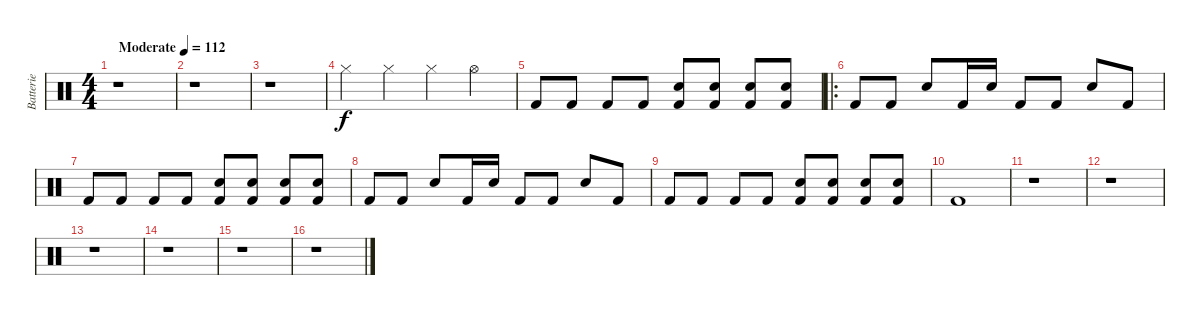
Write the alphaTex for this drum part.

\track ("Batterie" "Batterie") {instrument percussion}
\staff {score}
\articulation defaults
\ts (4 4)
\tempo (112 "Moderate")
\clef neutral
\ks c
r.1{dy f} |
r.1 |
r.1 |
"Hi-Hat (closed)".4 "Hi-Hat (closed)".4 "Hi-Hat (closed)".4 "Hi-Hat (open)".4 |
"Kick (hit) 2".8 "Kick (hit) 2".8 "Kick (hit) 2".8 "Kick (hit) 2".8 ("Snare (hit) 2" "Kick (hit) 2").8 ("Snare (hit) 2" "Kick (hit) 2").8 ("Snare (hit) 2" "Kick (hit) 2").8 ("Snare (hit) 2" "Kick (hit) 2").8 |
\ro "Kick (hit) 2".8 "Kick (hit) 2".8 "Snare (hit) 2".8 "Kick (hit) 2".16 "Snare (hit) 2".16 "Kick (hit) 2".8 "Kick (hit) 2".8 "Snare (hit) 2".8 "Kick (hit) 2".8
|
"Kick (hit) 2".8 "Kick (hit) 2".8 "Kick (hit) 2".8 "Kick (hit) 2".8 ("Snare (hit) 2" "Kick (hit) 2").8 ("Snare (hit) 2" "Kick (hit) 2").8 ("Snare (hit) 2" "Kick (hit) 2").8 ("Snare (hit) 2" "Kick (hit) 2").8 |
"Kick (hit) 2".8 "Kick (hit) 2".8 "Snare (hit) 2".8 "Kick (hit) 2".16 "Snare (hit) 2".16 "Kick (hit) 2".8 "Kick (hit) 2".8 "Snare (hit) 2".8 "Kick (hit) 2".8 |
"Kick (hit) 2".8 "Kick (hit) 2".8 "Kick (hit) 2".8 "Kick (hit) 2".8 ("Snare (hit) 2" "Kick (hit) 2").8 ("Snare (hit) 2" "Kick (hit) 2").8 ("Snare (hit) 2" "Kick (hit) 2").8 ("Snare (hit) 2" "Kick (hit) 2").8 |
"Kick (hit) 2".1 |
r.1 |
r.1 |
r.1 |
r.1 |
r.1 |
r.1
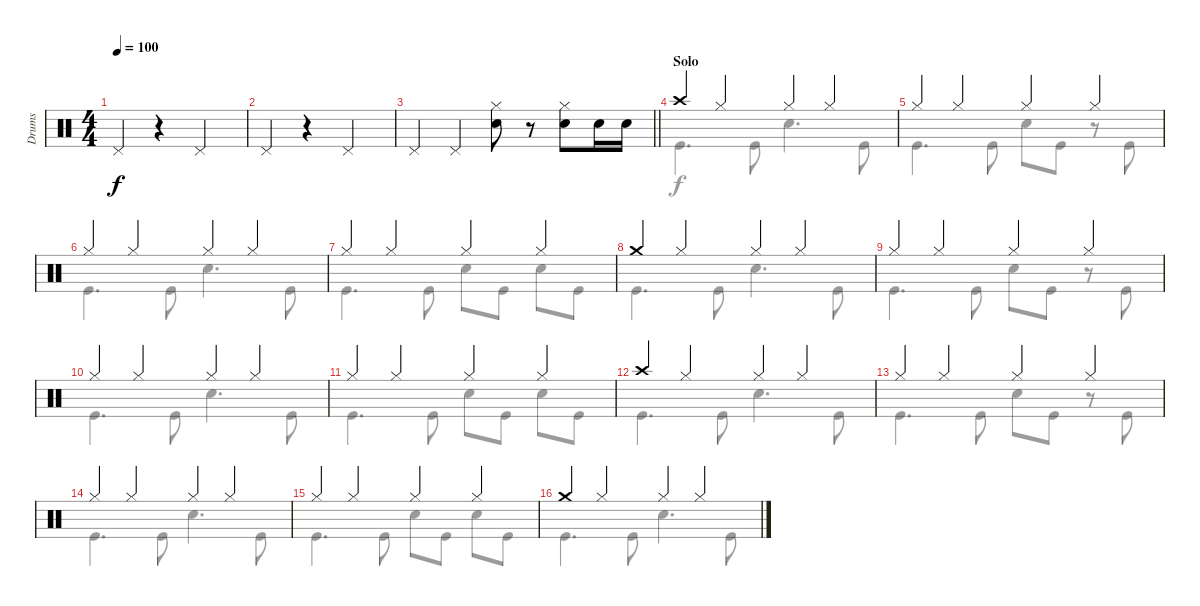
\track ("Drums" "Drums") {instrument percussion}
\staff {score}
\articulation defaults
\voice
\ts (4 4)
\tempo 100
\clef neutral
\ks c "Pedal Hi-Hat (hit)".4{dy f}
r.4 "Pedal Hi-Hat (hit)".2 |
"Pedal Hi-Hat (hit)".4 r.4 "Pedal Hi-Hat (hit)".2 |
\barLineRight lightlight "Pedal Hi-Hat (hit)".4 "Pedal Hi-Hat (hit)".4
("Hi-Hat (closed)" "Snare (hit) 2").8 r.8 ("Hi-Hat (closed)" "Snare (hit) 2").8 "Snare (hit) 2".16 "Snare (hit) 2".16 |
\section ("" "Solo")
"Crash high (hit)".4 "Hi-Hat (closed)".4 "Hi-Hat (closed)".4 "Hi-Hat (closed)".4 |
"Hi-Hat (closed)".4 "Hi-Hat (closed)".4 "Hi-Hat (closed)".4 "Hi-Hat (closed)".4 |
"Hi-Hat (closed)".4 "Hi-Hat (closed)".4 "Hi-Hat (closed)".4 "Hi-Hat (closed)".4 |
"Hi-Hat (closed)".4 "Hi-Hat (closed)".4 "Hi-Hat (closed)".4 "Hi-Hat (closed)".4 |
"Crash medium (hit)".4 "Hi-Hat (closed)".4 "Hi-Hat (closed)".4 "Hi-Hat (closed)".4 |
"Hi-Hat (closed)".4 "Hi-Hat (closed)".4 "Hi-Hat (closed)".4 "Hi-Hat (closed)".4 |
"Hi-Hat (closed)".4 "Hi-Hat (closed)".4 "Hi-Hat (closed)".4 "Hi-Hat (closed)".4 |
"Hi-Hat (closed)".4 "Hi-Hat (closed)".4 "Hi-Hat (closed)".4 "Hi-Hat (closed)".4 |
"Crash high (hit)".4 "Hi-Hat (closed)".4 "Hi-Hat (closed)".4 "Hi-Hat (closed)".4 |
"Hi-Hat (closed)".4 "Hi-Hat (closed)".4 "Hi-Hat (closed)".4 "Hi-Hat (closed)".4 |
"Hi-Hat (closed)".4 "Hi-Hat (closed)".4 "Hi-Hat (closed)".4 "Hi-Hat (closed)".4 |
"Hi-Hat (closed)".4 "Hi-Hat (closed)".4 "Hi-Hat (closed)".4 "Hi-Hat (closed)".4 |
"Crash medium (hit)".4 "Hi-Hat (closed)".4 "Hi-Hat (closed)".4 "Hi-Hat (closed)".4
\voice
\clef neutral
\ottava regular
\simile none
\ks c
|
|
\barLineRight lightlight
|
"Kick (hit)".4{d} "Kick (hit)".8 "Snare (hit) 2".4{d} "Kick (hit)".8 |
"Kick (hit)".4{d} "Kick (hit)".8 "Snare (hit) 2".8 "Kick (hit)".8 r.8 "Kick (hit)".8 |
"Kick (hit)".4{d} "Kick (hit)".8 "Snare (hit) 2".4{d} "Kick (hit)".8 |
"Kick (hit)".4{d} "Kick (hit)".8 "Snare (hit) 2".8 "Kick (hit)".8 "Snare (hit) 2".8 "Kick (hit)".8 |
"Kick (hit)".4{d} "Kick (hit)".8 "Snare (hit) 2".4{d} "Kick (hit)".8 |
"Kick (hit)".4{d} "Kick (hit)".8 "Snare (hit) 2".8 "Kick (hit)".8 r.8 "Kick (hit)".8 |
"Kick (hit)".4{d} "Kick (hit)".8 "Snare (hit) 2".4{d} "Kick (hit)".8 |
"Kick (hit)".4{d} "Kick (hit)".8 "Snare (hit) 2".8 "Kick (hit)".8 "Snare (hit) 2".8 "Kick (hit)".8 |
"Kick (hit)".4{d} "Kick (hit)".8 "Snare (hit) 2".4{d} "Kick (hit)".8 |
"Kick (hit)".4{d} "Kick (hit)".8 "Snare (hit) 2".8 "Kick (hit)".8 r.8 "Kick (hit)".8 |
"Kick (hit)".4{d} "Kick (hit)".8 "Snare (hit) 2".4{d} "Kick (hit)".8 |
"Kick (hit)".4{d} "Kick (hit)".8 "Snare (hit) 2".8 "Kick (hit)".8 "Snare (hit) 2".8 "Kick (hit)".8 |
"Kick (hit)".4{d} "Kick (hit)".8 "Snare (hit) 2".4{d} "Kick (hit)".8
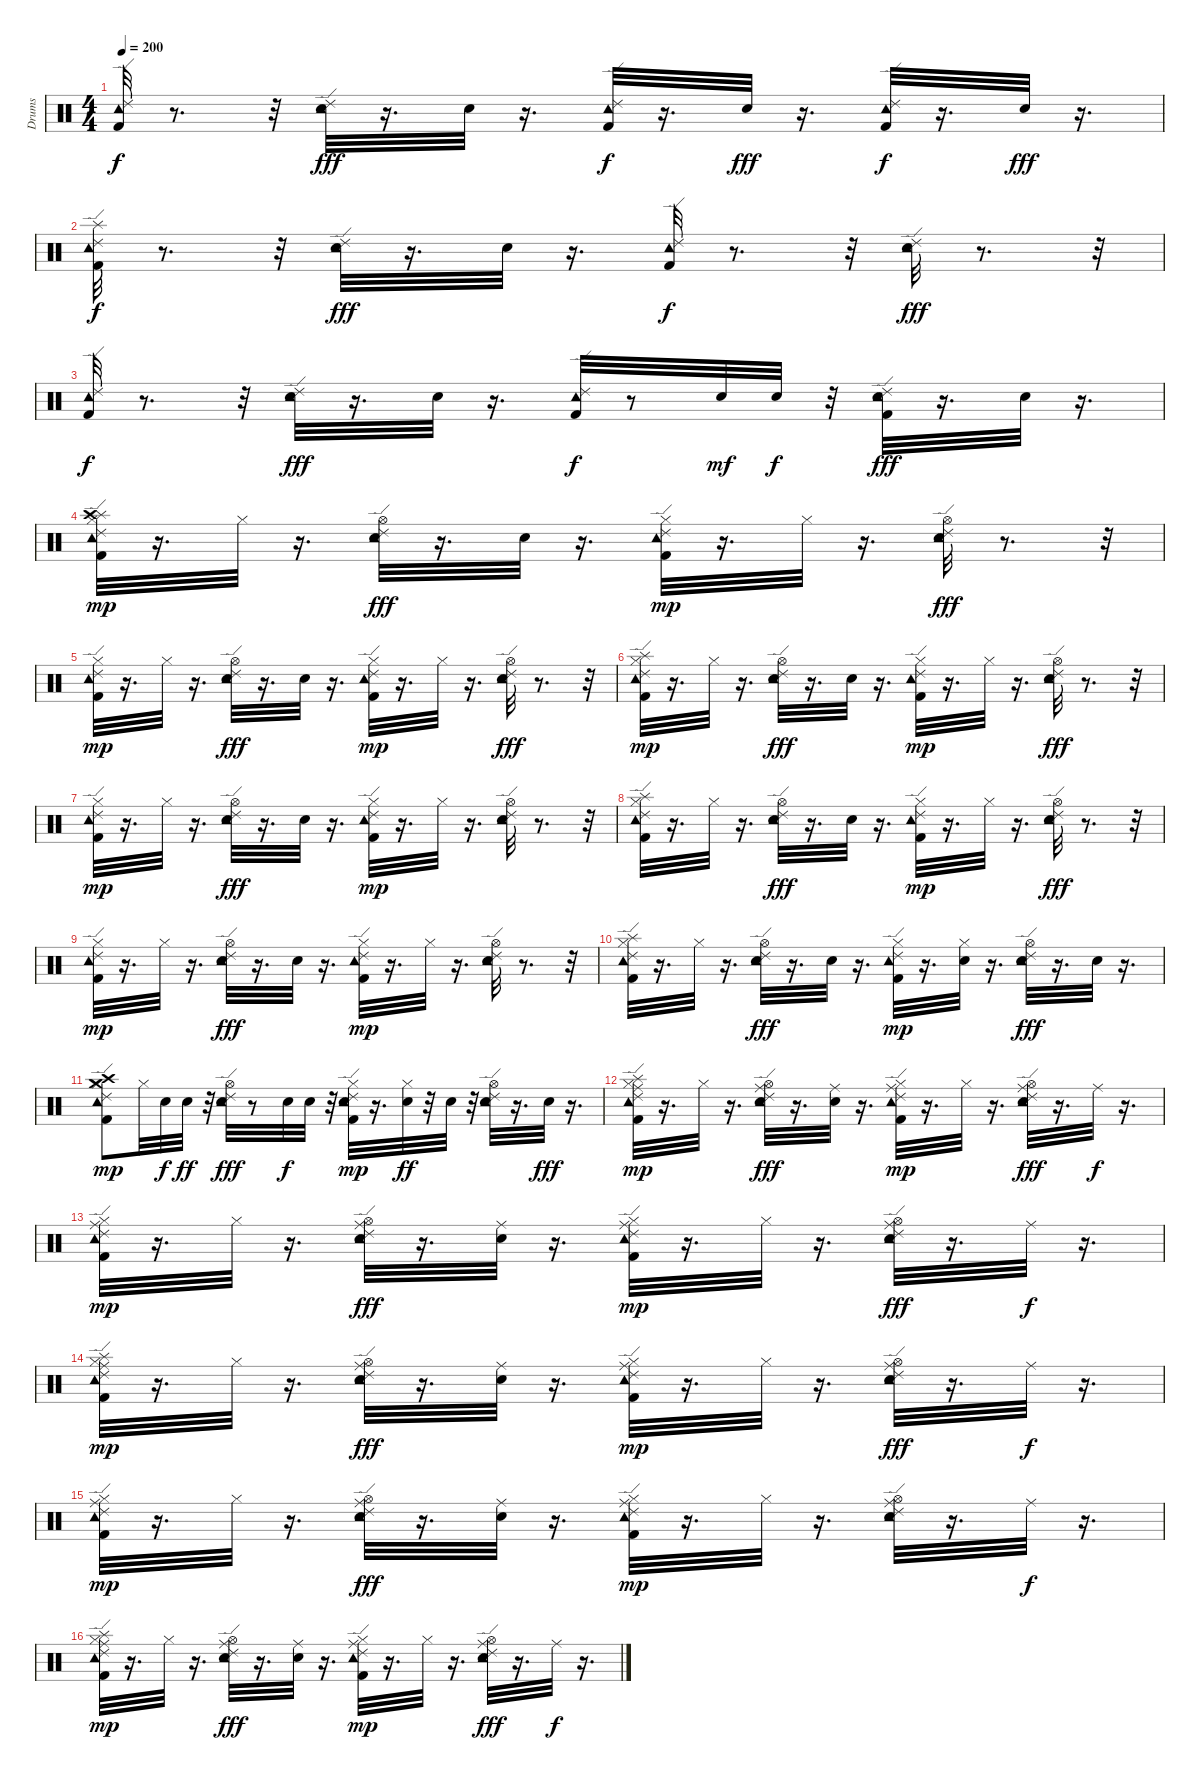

◆ **What this task involves**
Retype every entry verbatim and exclude the pictures from the copy.

◆ **Task answer**
Write the alphaTex for this drum part.

\track ("Batterie" "Batterie") {instrument percussion}
\staff {score}
\articulation defaults
\ts (4 4)
\tempo (112 "Moderate")
\clef neutral
\ks c
r.1{dy f} |
r.1 |
r.1 |
"Hi-Hat (closed)".4 "Hi-Hat (closed)".4 "Hi-Hat (closed)".4 "Hi-Hat (open)".4 |
"Kick (hit) 2".8 "Kick (hit) 2".8 "Kick (hit) 2".8 "Kick (hit) 2".8 ("Snare (hit) 2" "Kick (hit) 2").8 ("Snare (hit) 2" "Kick (hit) 2").8 ("Snare (hit) 2" "Kick (hit) 2").8 ("Snare (hit) 2" "Kick (hit) 2").8 |
\ro "Kick (hit) 2".8 "Kick (hit) 2".8 "Snare (hit) 2".8 "Kick (hit) 2".16 "Snare (hit) 2".16 "Kick (hit) 2".8 "Kick (hit) 2".8 "Snare (hit) 2".8 "Kick (hit) 2".8
|
"Kick (hit) 2".8 "Kick (hit) 2".8 "Kick (hit) 2".8 "Kick (hit) 2".8 ("Snare (hit) 2" "Kick (hit) 2").8 ("Snare (hit) 2" "Kick (hit) 2").8 ("Snare (hit) 2" "Kick (hit) 2").8 ("Snare (hit) 2" "Kick (hit) 2").8 |
"Kick (hit) 2".8 "Kick (hit) 2".8 "Snare (hit) 2".8 "Kick (hit) 2".16 "Snare (hit) 2".16 "Kick (hit) 2".8 "Kick (hit) 2".8 "Snare (hit) 2".8 "Kick (hit) 2".8 |
"Kick (hit) 2".8 "Kick (hit) 2".8 "Kick (hit) 2".8 "Kick (hit) 2".8 ("Snare (hit) 2" "Kick (hit) 2").8 ("Snare (hit) 2" "Kick (hit) 2").8 ("Snare (hit) 2" "Kick (hit) 2").8 ("Snare (hit) 2" "Kick (hit) 2").8 |
"Kick (hit) 2".1 |
r.1 |
r.1 |
r.1 |
r.1 |
r.1 |
r.1
\track ("Drums" "Drums") {instrument percussion}
\staff {score}
\articulation defaults
\voice
\ts (4 4)
\tempo 100
\clef neutral
\ks c "Pedal Hi-Hat (hit)".4{dy f}
r.4 "Pedal Hi-Hat (hit)".2 |
"Pedal Hi-Hat (hit)".4 r.4 "Pedal Hi-Hat (hit)".2 |
\barLineRight lightlight "Pedal Hi-Hat (hit)".4 "Pedal Hi-Hat (hit)".4
("Hi-Hat (closed)" "Snare (hit) 2").8 r.8 ("Hi-Hat (closed)" "Snare (hit) 2").8 "Snare (hit) 2".16 "Snare (hit) 2".16 |
\section ("" "Solo")
"Crash high (hit)".4 "Hi-Hat (closed)".4 "Hi-Hat (closed)".4 "Hi-Hat (closed)".4 |
"Hi-Hat (closed)".4 "Hi-Hat (closed)".4 "Hi-Hat (closed)".4 "Hi-Hat (closed)".4 |
"Hi-Hat (closed)".4 "Hi-Hat (closed)".4 "Hi-Hat (closed)".4 "Hi-Hat (closed)".4 |
"Hi-Hat (closed)".4 "Hi-Hat (closed)".4 "Hi-Hat (closed)".4 "Hi-Hat (closed)".4 |
"Crash medium (hit)".4 "Hi-Hat (closed)".4 "Hi-Hat (closed)".4 "Hi-Hat (closed)".4 |
"Hi-Hat (closed)".4 "Hi-Hat (closed)".4 "Hi-Hat (closed)".4 "Hi-Hat (closed)".4 |
"Hi-Hat (closed)".4 "Hi-Hat (closed)".4 "Hi-Hat (closed)".4 "Hi-Hat (closed)".4 |
"Hi-Hat (closed)".4 "Hi-Hat (closed)".4 "Hi-Hat (closed)".4 "Hi-Hat (closed)".4 |
"Crash high (hit)".4 "Hi-Hat (closed)".4 "Hi-Hat (closed)".4 "Hi-Hat (closed)".4 |
"Hi-Hat (closed)".4 "Hi-Hat (closed)".4 "Hi-Hat (closed)".4 "Hi-Hat (closed)".4 |
"Hi-Hat (closed)".4 "Hi-Hat (closed)".4 "Hi-Hat (closed)".4 "Hi-Hat (closed)".4 |
"Hi-Hat (closed)".4 "Hi-Hat (closed)".4 "Hi-Hat (closed)".4 "Hi-Hat (closed)".4 |
"Crash medium (hit)".4 "Hi-Hat (closed)".4 "Hi-Hat (closed)".4 "Hi-Hat (closed)".4
\voice
\clef neutral
\ottava regular
\simile none
\ks c
|
|
\barLineRight lightlight
|
"Kick (hit)".4{d} "Kick (hit)".8 "Snare (hit) 2".4{d} "Kick (hit)".8 |
"Kick (hit)".4{d} "Kick (hit)".8 "Snare (hit) 2".8 "Kick (hit)".8 r.8 "Kick (hit)".8 |
"Kick (hit)".4{d} "Kick (hit)".8 "Snare (hit) 2".4{d} "Kick (hit)".8 |
"Kick (hit)".4{d} "Kick (hit)".8 "Snare (hit) 2".8 "Kick (hit)".8 "Snare (hit) 2".8 "Kick (hit)".8 |
"Kick (hit)".4{d} "Kick (hit)".8 "Snare (hit) 2".4{d} "Kick (hit)".8 |
"Kick (hit)".4{d} "Kick (hit)".8 "Snare (hit) 2".8 "Kick (hit)".8 r.8 "Kick (hit)".8 |
"Kick (hit)".4{d} "Kick (hit)".8 "Snare (hit) 2".4{d} "Kick (hit)".8 |
"Kick (hit)".4{d} "Kick (hit)".8 "Snare (hit) 2".8 "Kick (hit)".8 "Snare (hit) 2".8 "Kick (hit)".8 |
"Kick (hit)".4{d} "Kick (hit)".8 "Snare (hit) 2".4{d} "Kick (hit)".8 |
"Kick (hit)".4{d} "Kick (hit)".8 "Snare (hit) 2".8 "Kick (hit)".8 r.8 "Kick (hit)".8 |
"Kick (hit)".4{d} "Kick (hit)".8 "Snare (hit) 2".4{d} "Kick (hit)".8 |
"Kick (hit)".4{d} "Kick (hit)".8 "Snare (hit) 2".8 "Kick (hit)".8 "Snare (hit) 2".8 "Kick (hit)".8 |
"Kick (hit)".4{d} "Kick (hit)".8 "Snare (hit) 2".4{d} "Kick (hit)".8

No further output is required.